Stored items

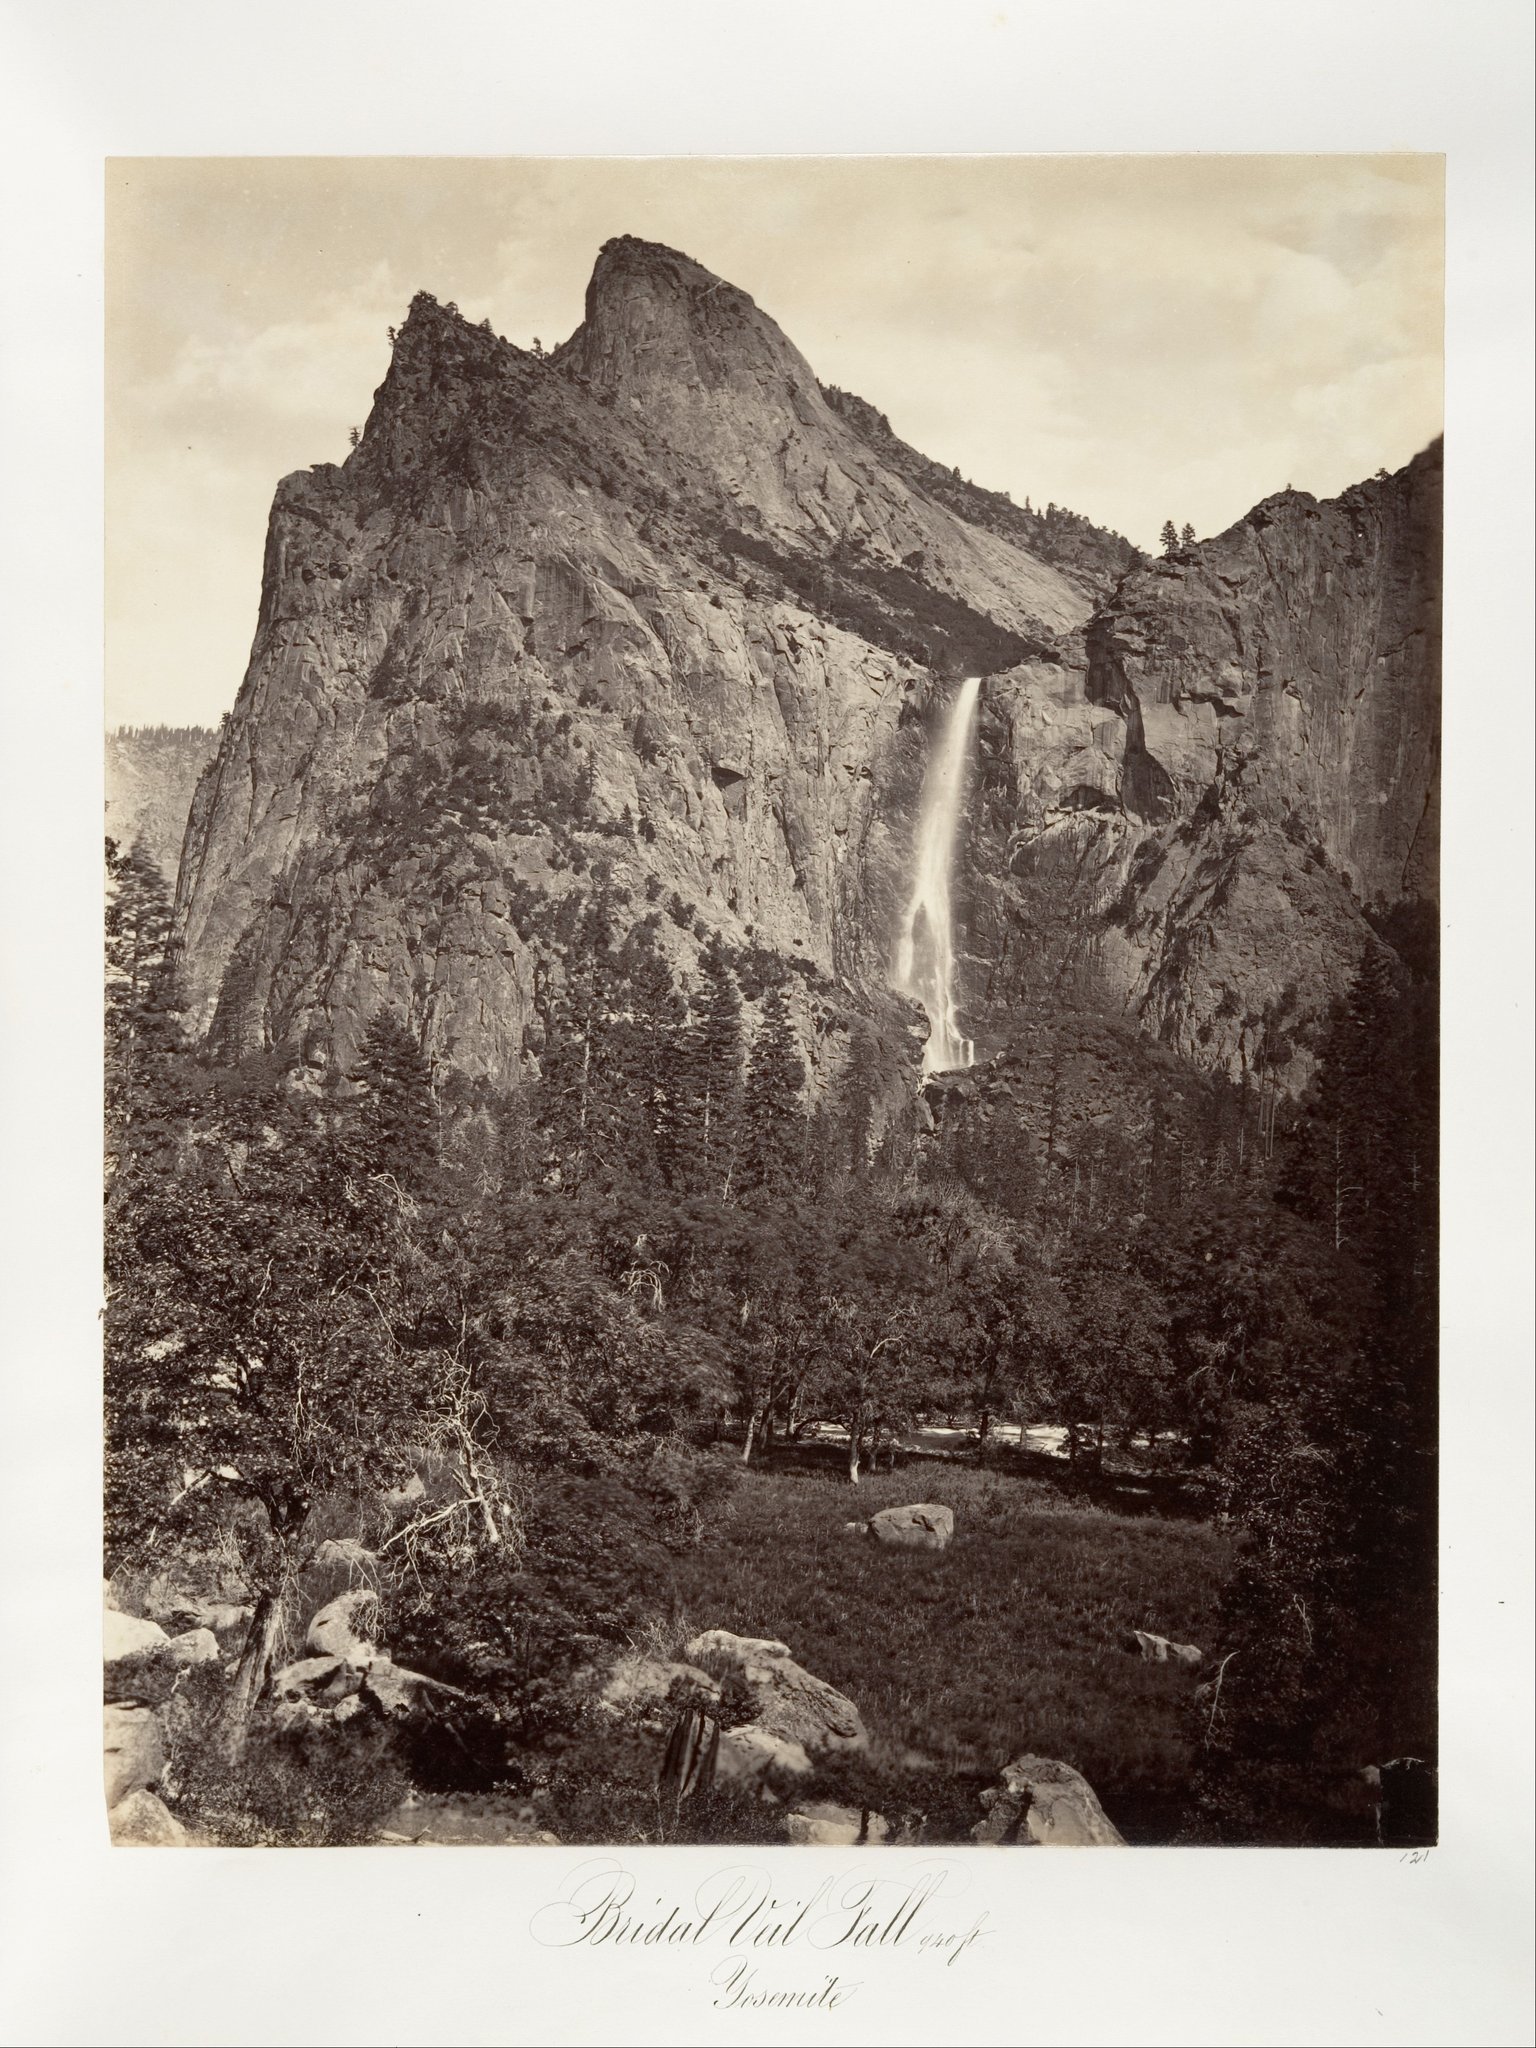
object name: photograph
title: Bridal Veil Fall, 940 feet, Yosemite
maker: carleton e. watkins
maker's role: artist
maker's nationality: american
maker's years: 1829-1916
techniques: albumen silver print, glass negative
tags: waterfalls,mountains,landscapes

What the exercise asks
Make a word-for-word copy of the records above, excluding all pictures.

Solution
object name: photograph
title: Bridal Veil Fall, 940 feet, Yosemite
maker: carleton e. watkins
maker's role: artist
maker's nationality: american
maker's years: 1829-1916
techniques: albumen silver print, glass negative
tags: waterfalls,mountains,landscapes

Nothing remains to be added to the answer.